Reçue il y a quelques jours par le journal « Le Figaro » dans le cadre de la Journée Internationale de tolérance zéro à l’égard des mutilations sexuelles féminines, Diaryatou Bah, jeune activiste de 33 ans, a tenu à partager avec le monde le récit émouvant de sa vie. Souriante, calme, la voix assurée, elle se plonge dans ses souvenirs qu’elle a déjà contés plusieurs fois.

 

Issue d’une famille nombreuse – son père a 4 femmes et 32 enfants -, Diaryatou est élevée par sa grand-mère jusqu’à ses 10 ans, dans un petit village guinéen.

Un matin, quatre femmes viennent la chercher, deux lui tiennent les pieds et les deux autres les mains. En échange de sacs de riz, elles s’occuperont de son excision. «Elles m’ont coupée avec un couteau qui avait déjà servi. J’ai eu l’impression qu’on m’arrachait une partie de moi-même.» Pourtant, à ce moment-là, elle est «contente» parce qu’elle est «comme toutes les petites filles».

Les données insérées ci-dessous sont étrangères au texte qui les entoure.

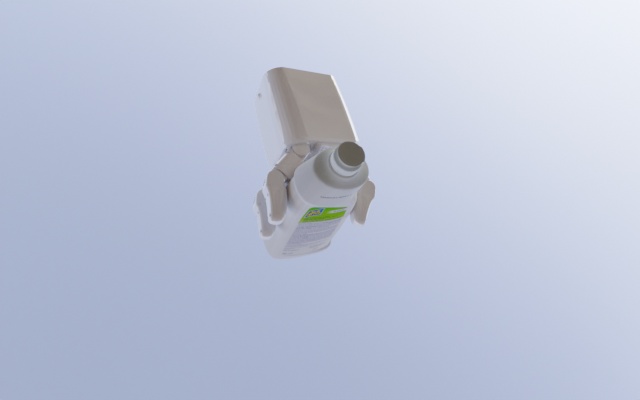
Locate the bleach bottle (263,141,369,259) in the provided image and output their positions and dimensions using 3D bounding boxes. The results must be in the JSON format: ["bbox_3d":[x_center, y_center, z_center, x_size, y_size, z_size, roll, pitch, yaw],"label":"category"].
[{"bbox_3d":[0.000,0.002,0.571,0.102,0.068,0.251,-11,-19,-23],"label":"bleach bottle"}]
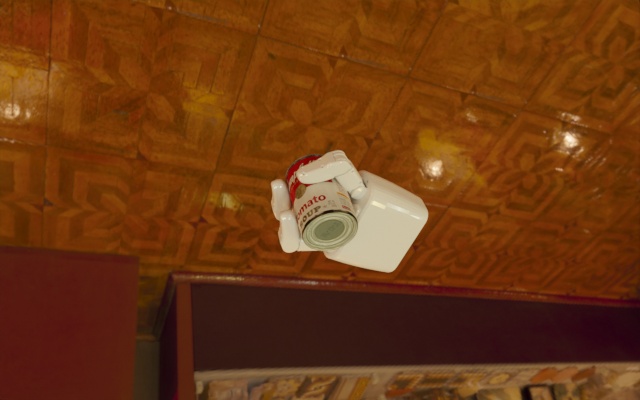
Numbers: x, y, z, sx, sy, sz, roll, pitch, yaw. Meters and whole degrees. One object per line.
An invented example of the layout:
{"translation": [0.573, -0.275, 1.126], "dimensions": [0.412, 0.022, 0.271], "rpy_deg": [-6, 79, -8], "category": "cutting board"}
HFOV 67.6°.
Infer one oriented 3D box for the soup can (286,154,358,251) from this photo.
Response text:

Après son excision, les épreuves continuent. Mariée de force à 13 ans à un homme de 45 ans, elle quitte la Guinée pour suivre son mari en France. Au début, elle croit «vivre un rêve irréel». Mais elle déchante très vite. Elle reçoit des insultes, des coups, des viols.

«J’ai vécu l’enfermement, la clandestinité, la violence. J’avais une tête d’enfant de 14 ans et un corps de femme».

Diaryatou va finir par perdre trois enfants, et lors de sa deuxième fausse couche, elle est à neuf mois de grossesse. Vous imaginez la souffrance Wanda Girls ? Ces événements douloureux, elle les met sur le compte de la violence de son conjoint qu’elle finira par quitter le 20 janvier 2004, mais aussi de son excision.

 «C’est difficile d’avoir le déclic, surtout que ma mère me disait qu’il fallait que je supporte tout ça, que j’irais au Paradis

Après un temps à vivre dans la rue, Diarytou s’en sort tant bien que mal grâce à l’aide d’associations. Elle a dû détailler son parcours de nombreuses fois avant d’obtenir un titre de séjour en 2005, puis la nationalité française en 2014. C’est à l’âge de 20 ans qu’elle prend pleinement conscience de son excision, après la publication de son autobiographie : On m’a volé mon Enfance.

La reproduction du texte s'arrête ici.